About the Role
What the Candidate Will Do ----
- Design and build tools to empower production teams to innovate and productionize state-of-the-art deep learning models at Uber.
- Develop and maintain scalable, end-to-end deep learning training systems and frameworks.
- Ensure distributed training tools are reliable, efficient, flexible to use for new production use cases.
- Collaborate with cross-functional teams including machine learning engineers, backend engineers, data scientists, and data engineers to deliver robust ML solutions for Uber.
- - - - Basic Qualifications ----
- Master in relevant fields (CS, EE, Math, Stats, etc.) AND 6-years full-time Software Engineering work experience in deep learning
- Proficiency in Python and PyTorch
- Expertise in designing, debugging, and optimizing distributed deep learning systems.
- Working experience of distributed training in PyTorch at Scale (e.g., data parallelism, model parallelism).
- Strong ability to translate complex DL requirements and problems into scalable solutions.
- - - - Preferred Qualifications ----
- Expertise in distributed training frameworks such as DDP, DeepSpeed, FSDP, or TorchRec.
- Familiarity with C++, Go or CUDA programming.
- Expertise in optimizing GPU/TPU training performance and data loading efficiency.
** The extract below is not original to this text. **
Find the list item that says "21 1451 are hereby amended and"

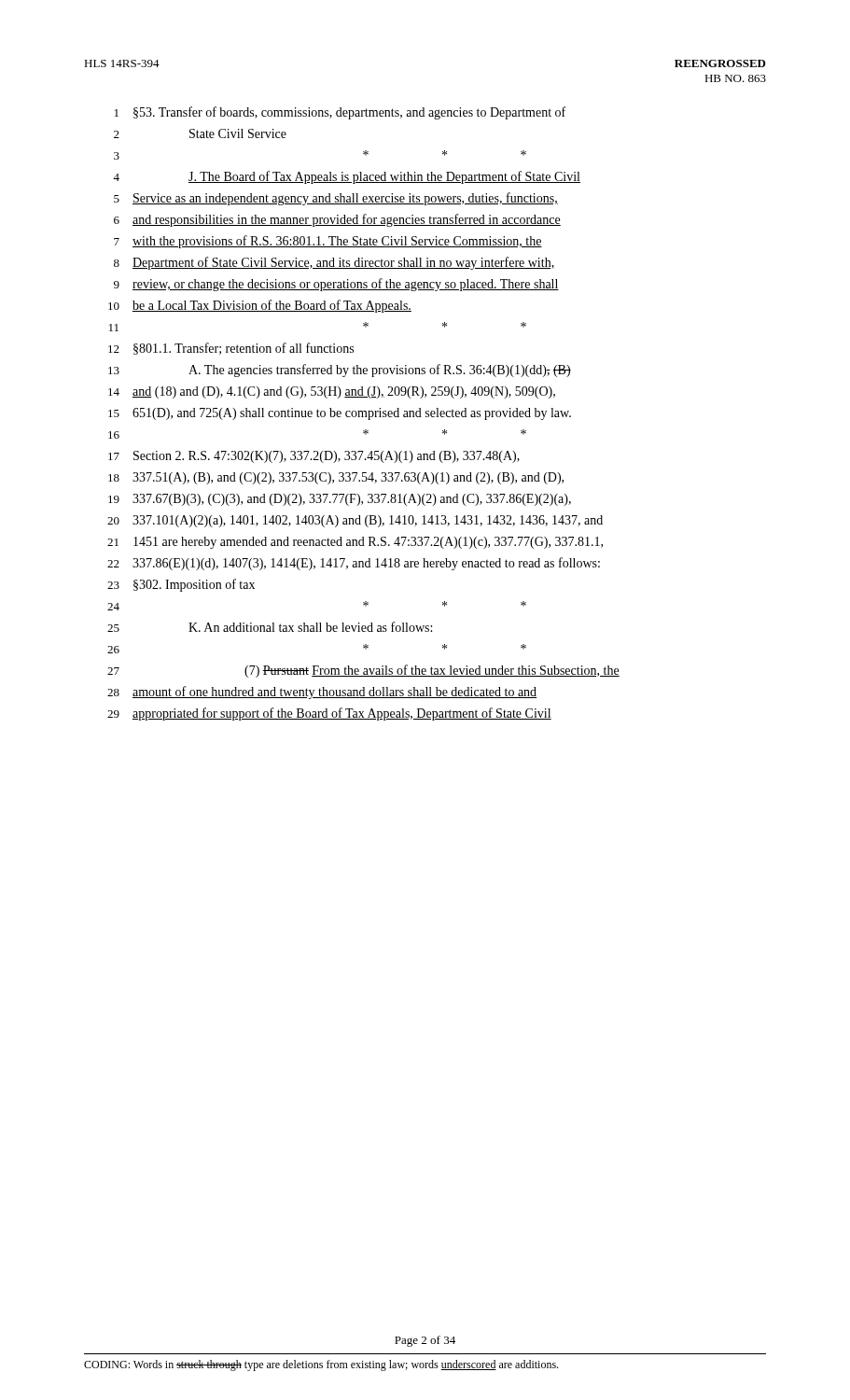[x=425, y=542]

- Familiarity with large-scale distributed infrastructure tools like Ray, OpenAI Triton, PyTorch Lightning.
- Built and deployed end-to-end machine learning systems in production.
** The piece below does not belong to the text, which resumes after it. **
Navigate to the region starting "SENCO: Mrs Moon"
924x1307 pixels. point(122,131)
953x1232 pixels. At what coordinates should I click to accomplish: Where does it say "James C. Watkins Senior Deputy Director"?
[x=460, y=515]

- Experience training large models (10B+ parameters), such as large recommendation systems or large language models (LLMs)
- PhD in relevant fields (CS, EE, Math, Stats, etc.)
For San Francisco, CA-based roles: The base salary range for this role is USD$223,000 per year - USD$248,000 per year.
For Seattle, WA-based roles: The base salary range for this role is USD$223,000 per year - USD$248,000 per year.
For Sunnyvale, CA-based roles: The base salary range for this role is USD$223,000 per year - USD$248,000 per year.